----- Exercise material

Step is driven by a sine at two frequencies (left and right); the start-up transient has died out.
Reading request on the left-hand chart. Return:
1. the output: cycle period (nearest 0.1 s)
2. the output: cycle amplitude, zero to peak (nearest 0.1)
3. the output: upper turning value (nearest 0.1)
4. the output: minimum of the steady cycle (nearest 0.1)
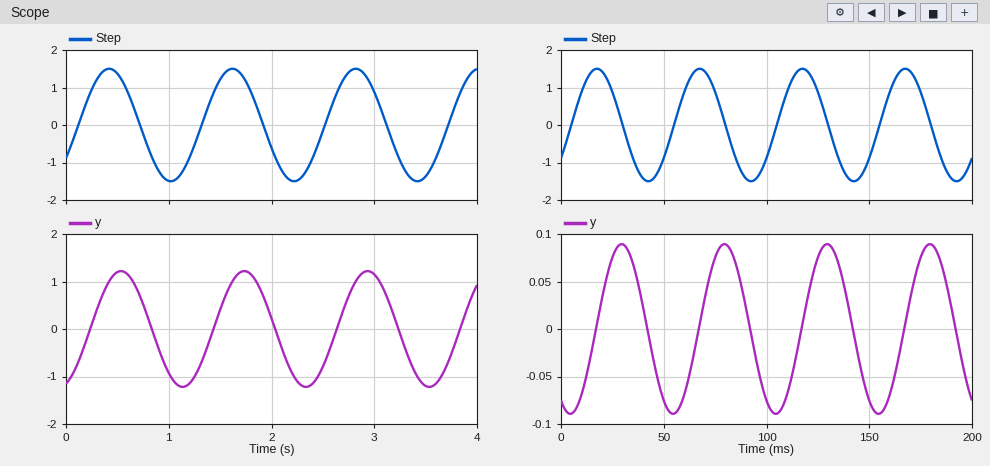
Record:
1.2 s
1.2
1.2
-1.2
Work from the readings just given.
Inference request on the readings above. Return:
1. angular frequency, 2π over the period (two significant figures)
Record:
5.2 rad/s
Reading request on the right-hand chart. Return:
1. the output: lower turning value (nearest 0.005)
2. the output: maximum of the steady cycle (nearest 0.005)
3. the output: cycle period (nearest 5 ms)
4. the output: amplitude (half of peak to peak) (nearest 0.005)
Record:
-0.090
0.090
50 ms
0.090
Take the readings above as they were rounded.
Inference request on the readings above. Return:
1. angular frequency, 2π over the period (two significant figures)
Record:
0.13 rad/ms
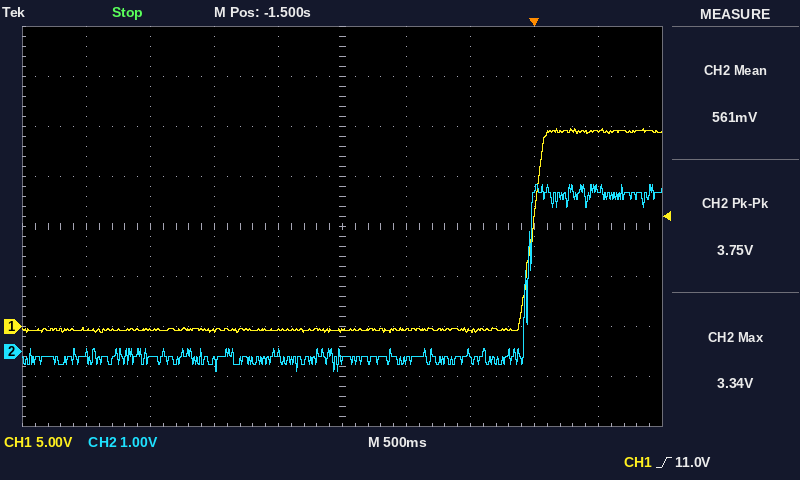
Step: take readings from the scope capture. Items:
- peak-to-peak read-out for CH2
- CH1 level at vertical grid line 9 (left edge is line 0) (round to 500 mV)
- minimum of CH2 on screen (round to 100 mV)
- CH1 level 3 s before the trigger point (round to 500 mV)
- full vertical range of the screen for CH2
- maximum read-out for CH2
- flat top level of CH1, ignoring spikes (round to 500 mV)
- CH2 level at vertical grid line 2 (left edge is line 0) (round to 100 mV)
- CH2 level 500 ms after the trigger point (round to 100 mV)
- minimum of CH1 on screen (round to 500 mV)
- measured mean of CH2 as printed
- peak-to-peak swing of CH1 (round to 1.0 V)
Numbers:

----------

#### [What this task involves]
Report the number of lines above containing the word "Return", with no other text.

#### [Exercise result]
4